Ciaran’s mother said: “The room was an inferno. I just can’t describe it. Ciaran’s face, hands and head were all badly burned, but his body is untouched. We are in no doubt his life was saved by his flame-resistant pyjamas.”

Nigel Griffiths, MP for Edinburgh South, said; “It’s vital that these regulations are maintained and extended through Europe. Dozens of children have been saved from injury and death since they were introduced. I shall be drawing this case to the attention of the President of the Board of Trade and urging him to protect the laws.” Here is an update from Mandy in July 2014:

“I wanted to become a nurse after the wonderful , compassionate and understanding care that not only Ciaran received in Edinburgh, but me as his mother. Ciaran was in a coma for a week, during which time I remained by his side and never slept a wink. The nurses were kind and understanding, explaining everything to me, and allowing me to put the lavender on my son who lay there, swollen to three times his wee size and unrecognisable as my son. At the end of that week he was still alive, and they brought him round from his induced coma, which was traumatic as he became aware of the weird situation he was in. It was the first time I broke down crying and the nurses gave me a solid hug, and sent me to my bed as they said that Ciaran would need me more in the morning.

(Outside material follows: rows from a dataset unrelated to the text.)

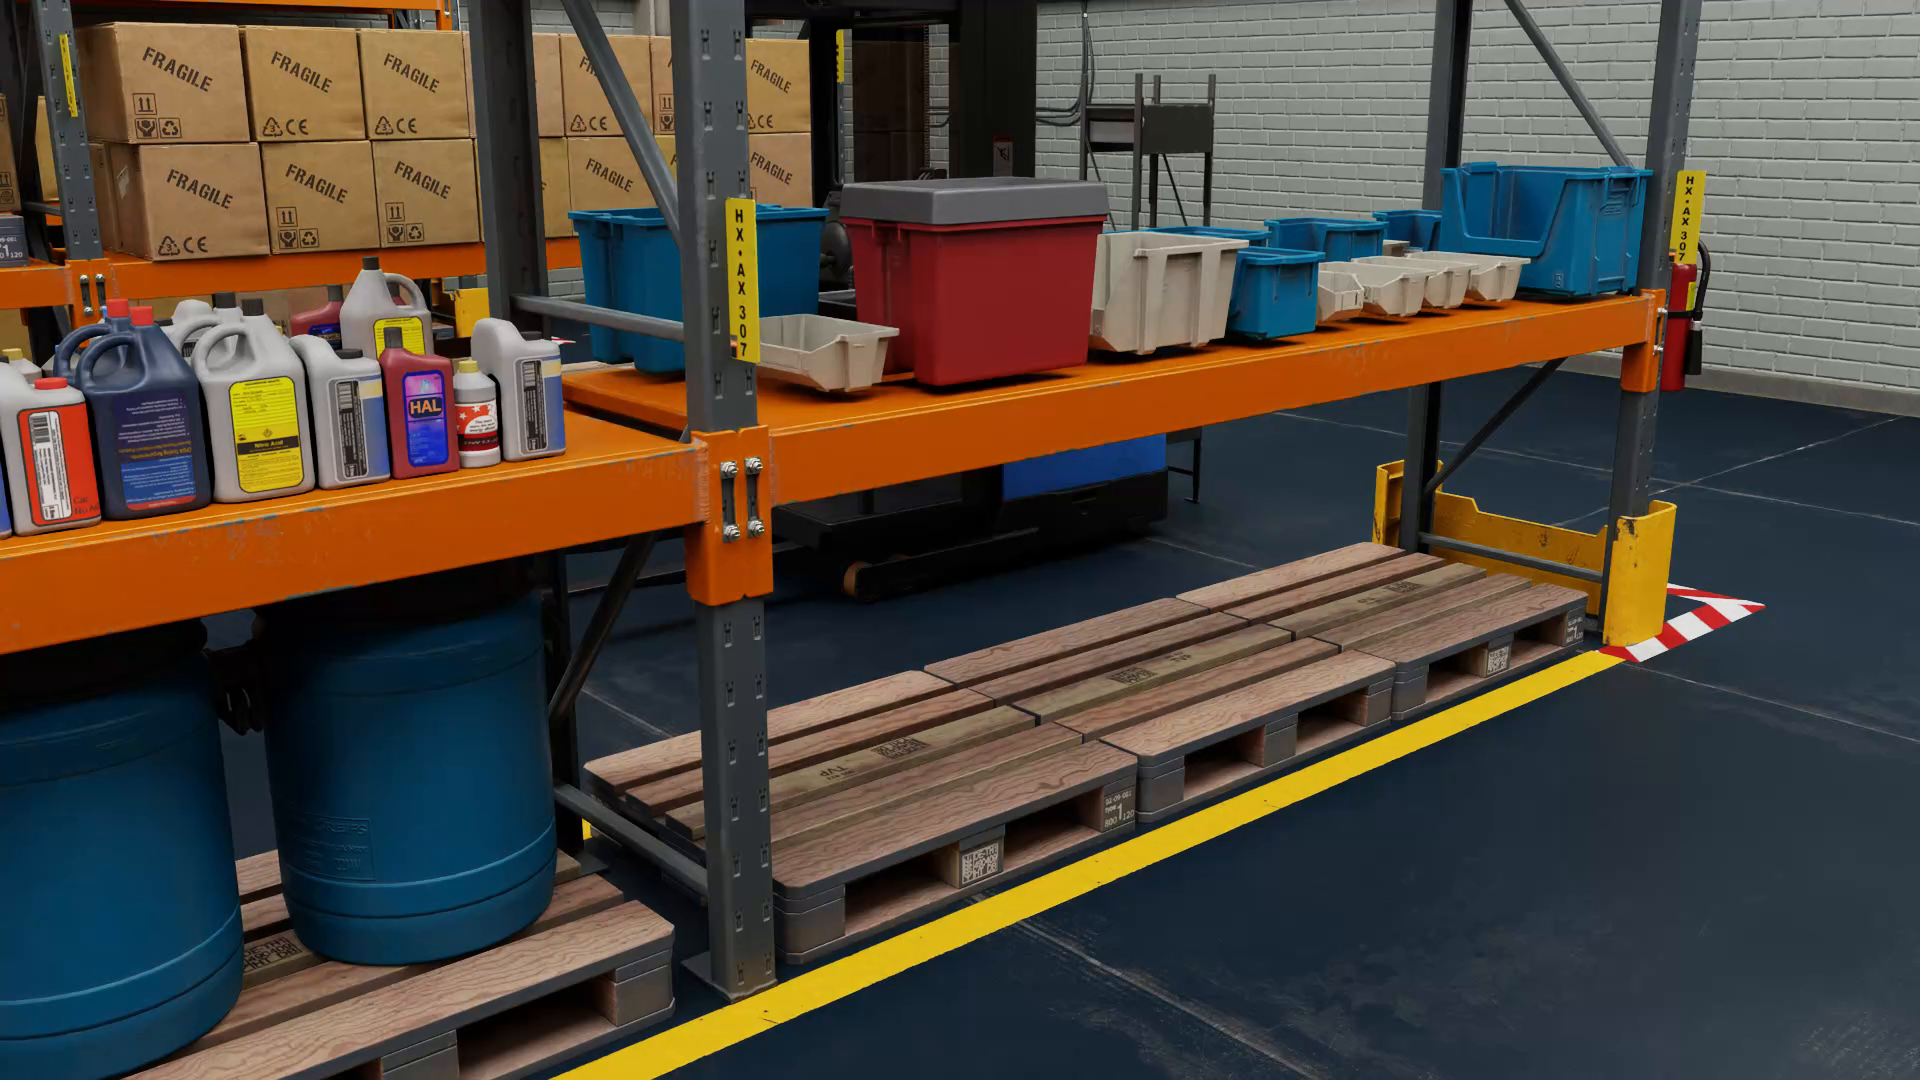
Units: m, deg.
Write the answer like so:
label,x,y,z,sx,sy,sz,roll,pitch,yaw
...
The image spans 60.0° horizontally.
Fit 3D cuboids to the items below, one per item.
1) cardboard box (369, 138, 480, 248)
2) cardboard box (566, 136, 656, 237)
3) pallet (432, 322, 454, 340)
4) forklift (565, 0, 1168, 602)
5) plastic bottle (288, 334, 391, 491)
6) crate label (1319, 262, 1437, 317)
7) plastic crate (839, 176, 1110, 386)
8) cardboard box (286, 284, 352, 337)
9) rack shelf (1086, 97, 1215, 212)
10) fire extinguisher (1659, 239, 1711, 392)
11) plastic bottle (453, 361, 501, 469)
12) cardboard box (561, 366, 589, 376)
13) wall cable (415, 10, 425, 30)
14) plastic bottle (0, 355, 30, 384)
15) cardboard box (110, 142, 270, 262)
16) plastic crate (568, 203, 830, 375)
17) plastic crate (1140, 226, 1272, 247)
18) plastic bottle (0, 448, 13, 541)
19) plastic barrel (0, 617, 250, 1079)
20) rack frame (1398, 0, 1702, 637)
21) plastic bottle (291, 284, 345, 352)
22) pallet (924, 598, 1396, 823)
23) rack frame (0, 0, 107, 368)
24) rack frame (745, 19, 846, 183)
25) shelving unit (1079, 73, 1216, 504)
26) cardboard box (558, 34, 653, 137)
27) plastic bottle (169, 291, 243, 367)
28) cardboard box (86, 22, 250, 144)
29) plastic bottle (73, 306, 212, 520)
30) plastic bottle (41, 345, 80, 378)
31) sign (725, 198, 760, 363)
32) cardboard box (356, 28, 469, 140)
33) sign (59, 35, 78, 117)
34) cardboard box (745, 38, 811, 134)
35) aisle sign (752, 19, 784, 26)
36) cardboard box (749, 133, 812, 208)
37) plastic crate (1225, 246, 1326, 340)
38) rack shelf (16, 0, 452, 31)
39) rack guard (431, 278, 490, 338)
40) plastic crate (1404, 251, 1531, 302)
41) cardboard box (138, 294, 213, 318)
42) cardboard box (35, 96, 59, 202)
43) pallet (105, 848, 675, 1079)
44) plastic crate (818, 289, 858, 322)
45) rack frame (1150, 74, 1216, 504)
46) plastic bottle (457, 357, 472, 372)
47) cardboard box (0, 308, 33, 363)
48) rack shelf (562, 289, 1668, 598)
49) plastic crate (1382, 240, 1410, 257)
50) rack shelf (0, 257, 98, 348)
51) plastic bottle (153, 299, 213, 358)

I knew they were right and I slept like a dead person that night.

I knew that I had nothing to offer immediately after the fire, the trauma of being in hospital and the subsequent recovery and rehabilitation, including rebuilding of our home which took a further two years.

I moved to the island of Lewis in the outer Hebrides 11 years ago, in 2003.  I realised that what I really wanted to do was become a nurse, to repay society for the gift of my son’s life and health and care. I began my degree studies in 2012, and have one year left to complete. I am loving every minute and I know that I have made the right decision. It is the job for me.”